Ensaio 72. Unirio. sala 604.

Cecília e Rita

(Rita mão na cintura, Cecília a imita)

(Rita mão no cabelo, Cecília a imita)

Rita, perdi meu brinco

é ruim perder coisas né? Um dia desses eu também perdi uma coisa

uma amiga?

(risos)

eu tô cansada

eu sei

essa sensação de ter perdido alguma coisa, já faz dois meses, eu tô cansada

Andréia e Inácio

você tá estranho

(escutam e observam os ruídos no espaço)

(Vão se aproximando os corpos se tocam, eles se abraçam e começam a dançar, a dança vai ficando agressiva, eles giram rápido, muito rápido, rápido demais, Andréia começa a chorar, eles param e se abraçam)

Eu podia ter estado lá pra segurar ela, a gente podia ter estado lá

Eu te seguro se você quiser

Eu quero te pedir um favor, não me deixa mais de cinco segundos sozinho e não fica mais de um braço distante de mim

Inácio e Odilon

Se tocam de olhos fechados

Andréia e Inácio

O que vc tá fazendo?

lembrando...

Aqui tinha a tv, aqui duas almofadas grandes, ali o abajur

(Andréia segue recordando o que havia no espaço e com FITA CREPE reconstitui os objetos)

o tapete aqui, mas não vou fazer o tapete

Andréia e Cecília

para com isso vc tá acabando com a fita crepe

não pula no sofá Cecília

pulo sim

(as duas pulam juntas no sofá feito de FITA CREPE, pulam muito até cansarem)

saem do sofá

quer fazer um climinha? liga o abajur

(Andréia deita em uma das “almofadas”)

Cecília liga a tv?

Andréia eu queria conversar....fala do dia com a lilla, fala do beijo

ela falou que a gente precisava beijar outras bocas, falou que não era nada, mas que a gente precisava se abrir, eu e Odilon, eu fiquei bem irritada

a gente falou de outras coisas

eu falei ainda tô chateada

ela falou para

eu falei não consigo

ela falou para

eu falei vou tentar

a gente se despediu, ela fez questão de me levar na porta

Odilon e Cecília

Oi

sua braguilha tá aberta

tudo bem?

tudo bem

Cecília, você tem uma cicatriz aqui na boca eu nunca tinha visto, o que foi?

olha, olha a minha cara, parece uma massinha branca

(eles fazem careta)

Cecília, Inácio, Rita, Andréia e Odilon

Cecília, com quantos anos a Lilla perdeu a virgindade?

15

Errou, foi com 13, com 15 ela fez o aborto. Vai levar torta na cara!

calma aí, a gente precisa de outra pessoa pra dizer se é ou não verdade

Rita, com quantos anos a lilla perdeu a virgindade?

com 16

não

Andréia, com quantos anos a lilla perdeu a virgindade?

com 15

não foi

foi sim

e você Andréia?

com 15, perdi a virgindade com 15

você e a Lilla perderam a virgindade juntas?

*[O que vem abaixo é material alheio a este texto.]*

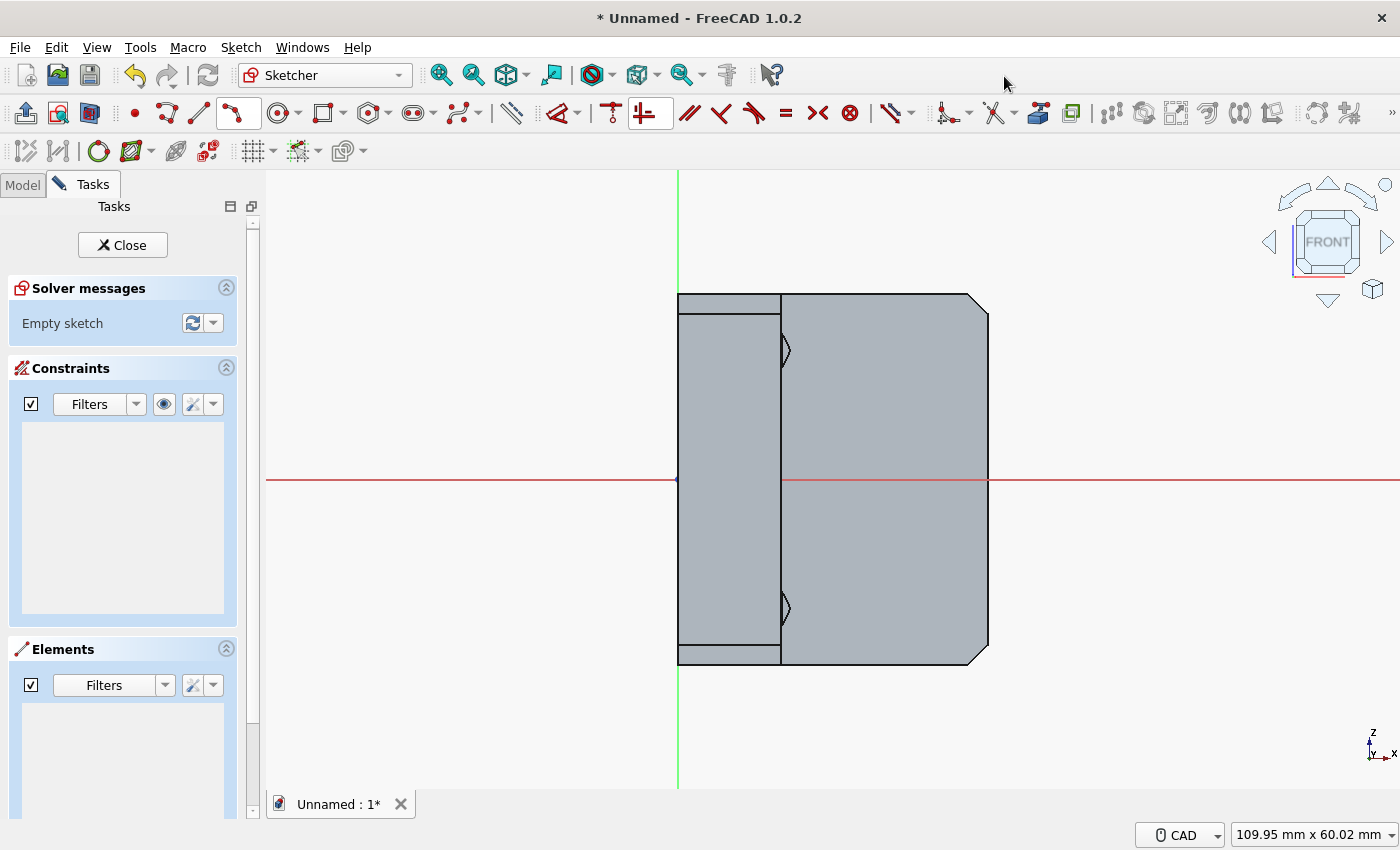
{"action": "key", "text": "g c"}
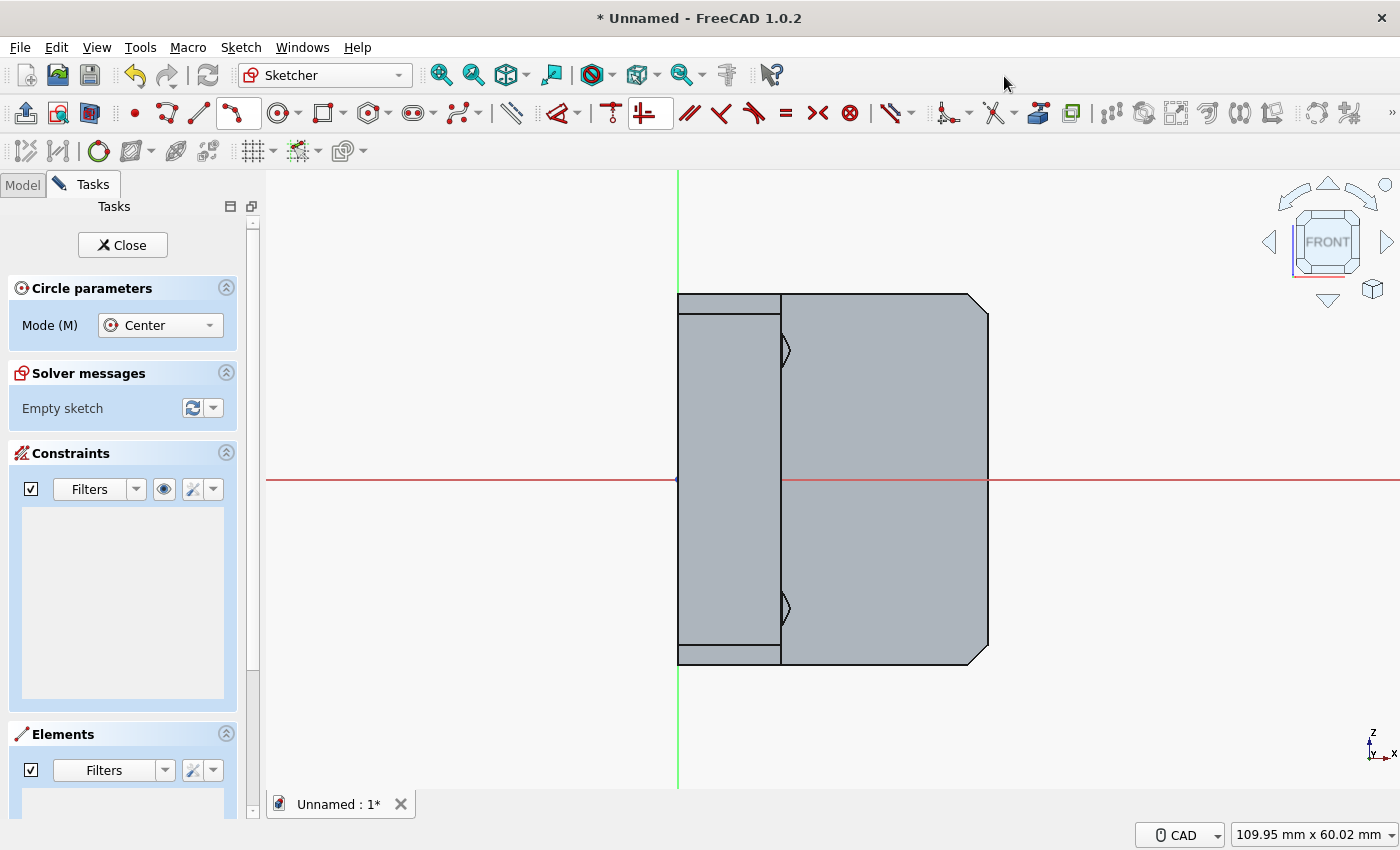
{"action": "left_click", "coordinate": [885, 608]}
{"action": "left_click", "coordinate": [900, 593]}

Hummmm

Inácio para de fantasiar, tá vendo muito filme pornô

eu só falo porque gosto muito de você Rita

eu não sei o que dizer Cecília, é difícil dá a sensação que você vai achar ridículo

eu não vou achar ridículo

as vezes eu tenho a vontade de tentar outras coisas, fazer outras coisas

outras coisas como? Tipo ir pro Egito?

É. Vamos pro Egito? Todo mundo?

(cupcake)

se pegar fogo a gente morre porque não tem como sair daqui

Odilon me dá

não você já comeu

você tá com o dente sujo

você tá com a cara suja

isso aqui tá muito sujo tia Anita vai ficar puta

olha o guru, ele morreu

Será que se forçar o vômito a chave sai?

(Cecília começa a ler a carta da lilla em primeira pessoa, Andréia toma a carta da mão dela e continua a leitura também em primeira pessoa, Rita toma a carta da Andréia e continua a leitura agora em terceira pessoa.)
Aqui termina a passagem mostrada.